Does your friend run his 24/7 and if so how much wood did he go through this last winter? 

I had another guy tell me that my present catalyst stove would burn 1/3 less wood. I went through 12 face cords this winter. I couldn't imagine using double that amount, let alone triple!


----------



## TonyK (May 15, 2011)

I own a Jotul F600CB. We burned 4.5 cords this winter going 24/7. It is running right now and if the rain doesn't stop it might be going in August as well.


----------



## Patriot 7 (May 15, 2011)

TonyK said:


> I own a Jotul F600CB. We burned 4.5 cords this winter going 24/7. It is running right now and if the rain doesn't stop it might be going in August as well.


 
Hi, I really appreciate your responding. Ok. I am VERY intrigued with your answer but can you clarify some things for me?

You said you burned 4.5 cords this winter. What do you consider the length, width and height of 1 cord of wood to be?

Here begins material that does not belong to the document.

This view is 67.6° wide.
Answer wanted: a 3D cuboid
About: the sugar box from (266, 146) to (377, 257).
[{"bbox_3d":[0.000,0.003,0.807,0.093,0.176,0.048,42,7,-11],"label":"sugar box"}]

How many TOTAL days would you say you ran your stove this winter running it 24/7 in which you used 4.5 cords of wood?

How hot do you run your stove? Do you tend to run it quarter full, half full or full with wood and how much do you leave the front air inlet open (50% open, 75% open, 100% open; you get the idea?)

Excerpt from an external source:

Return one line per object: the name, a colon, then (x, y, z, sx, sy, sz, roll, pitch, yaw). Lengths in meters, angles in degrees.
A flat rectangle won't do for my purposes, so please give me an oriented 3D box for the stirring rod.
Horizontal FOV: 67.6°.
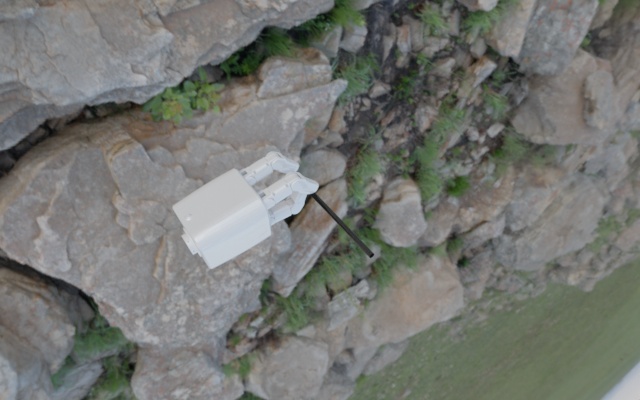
stirring rod: (0.000, 0.002, 0.699, 0.011, 0.011, 0.239, 0, 36, -44)

How many square feet are you trying to heat?

What state are you in?

Thanks!


----------



## TonyK (May 15, 2011)

PM sent.


----------



## hellrazor (Oct 18, 2011)

TonyK said:


> PM sent.


 
TonyK, can you send the same PM? I'm interested in the same information....trying to determine how much wood I really need. 

Thank You!


----------



## Highbeam (Oct 18, 2011)

You would be unhappy trying to heat 4500 SF with anything from woodstock. They make small stoves for small areas. If you are concerned with burning 24/7 and concerned with wood consumption then you will be most happy with another cat stove. With that much area to heat you will be looking for the biggest possible cat stove. Look no further than the BK King at 4.3 cubic feet of thermostatic controlled heat. 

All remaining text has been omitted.